We live in a soft police state. It’s not a film-noir one, based on ideology and punctuated by the crunch of hobnailed boots, but one created in response to terrorism and crime. . . There’s no Orwellian Big Brother, just countless little ones, all of them righteously on the lookout for the bad guys. It’s necessary, I suppose. It will be abused, I don’t suppose.
This may not be entirely sensible, but good for and Richard Cohen and Joel Mathis for being consistent, unlike the Code Pinkos who are clearly just partisan apparatchiks.
The dilemma for a responsible president in this case is simply this: Congress might well be persuaded to pass a statute explicitly authorizing the killing of people like al-Awlaki. But once there is a positive statute, there is a target for litigation. (I’ll leave for the lawyers among our readers whether there’d be a problem of standing to bring a suit challenging such a statute.) And I can easily imagine our courts striking it down as a violation of due process—strict scrutiny and all that. And then where would that leave a president faced with a menace like al-Awlaki? Maybe better, in the real world, to do it the way we are right now, even if it is untidy.
In other words, this is another indication that John Yoo was right all along. But of course if you read Yoo’s books and articles, you will soon see that all he was saying was that John Locke was right all along. This is not the first time, nor shall it be the last, when we’ll be drawn back to chapter 14 of Locke’s Second Treatise, discussing executive prerogative: “Many things there are which the law can by no means provide for. . . [I]t is fit that the laws themselves should in some cases give way to the executive power. . .”
This culminates in Locke’s one-sentence definition of prerogative: “nothing but the power of doing public good without a rule.” Problem: who is to judge whether the executive has acted rightly? How shall that judgment be made? What could go wrong here?
Locke gives two answers that don’t quite deliver a firm, bright line answer. The first one is the most accessible: the people shall judge. Let’s put it this way: When Nixon invoked the idea of executive prerogative with his famous statement, “If the president does it, it’s not illegal,” the American people were not amused. On the other hand, it became apparent in 1987 that Americans were not about to turf Ronald Reagan out of office for the legal mistakes made in the Iran-Contra scandal, or Bill Clinton the Lewinski scandal in 1999, which is one reason both scandals died out. (There’s an obvious distinction between these two latter cases that explain why one went all the way to impeachment while the other did not, but you can draw that for yourself.)
Here’s Locke’s more elegant version of the problem (quoted out of order):
The old question will be asked in the matter of prerogative: But who shall be judge when this power is made right us of? . . . The people, therefore, finding reason to be satisfied with these princes whenever they acted without or contrary to the letter of the law, acquiesced in what they did, and without the least complaint let them enlarge their prerogative as they pleased, judging rightly that they did nothing herein to the prejudice of their laws since they acted conformably to the foundation and end of all laws—the public good.

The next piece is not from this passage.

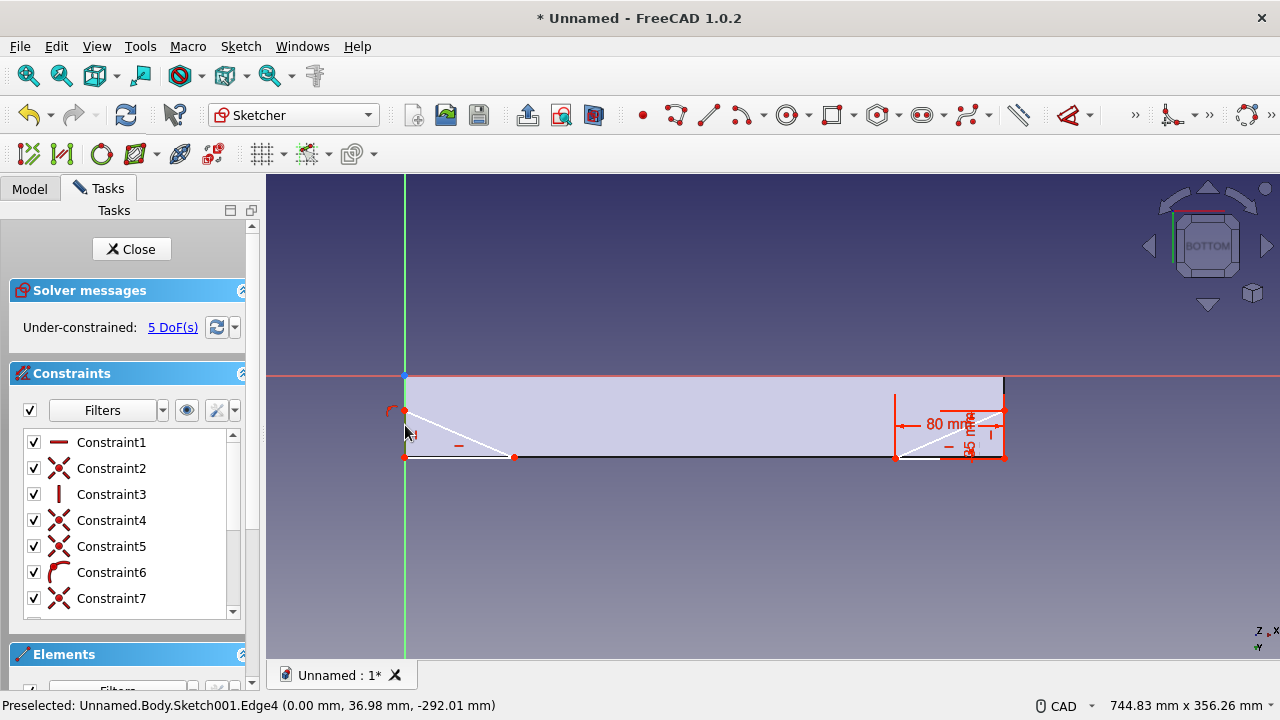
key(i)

But of course we disagree vehemently about “the public good,” and the ACLU’s absolutist position that the public good requires a punctilious adherence to due process is not an insensible argument. And Locke seems to admit in the sequel that it won’t necessarily do to put such matters to a simple majority vote. He ultimately (though a little bit obscurely, so I won’t quote it) repairs to a hint of the right of revolution such as is later found in the Declaration of Independence. While this may be theoretically right, as a practical matter it leaves us where we are right now: with huge, unresolvable uncertainty.
And that’s where is it going to remain. It is simply not possible to find the bright lines here. It is significant, though, that there is almost no one saying that al-Awlaki didn’t deserve his fate, and I take the concern that its legal basis is problematic as a sign of political health, and not a sign that we’re actually in any danger of becoming an actual police state. That’s where Cohen lost me.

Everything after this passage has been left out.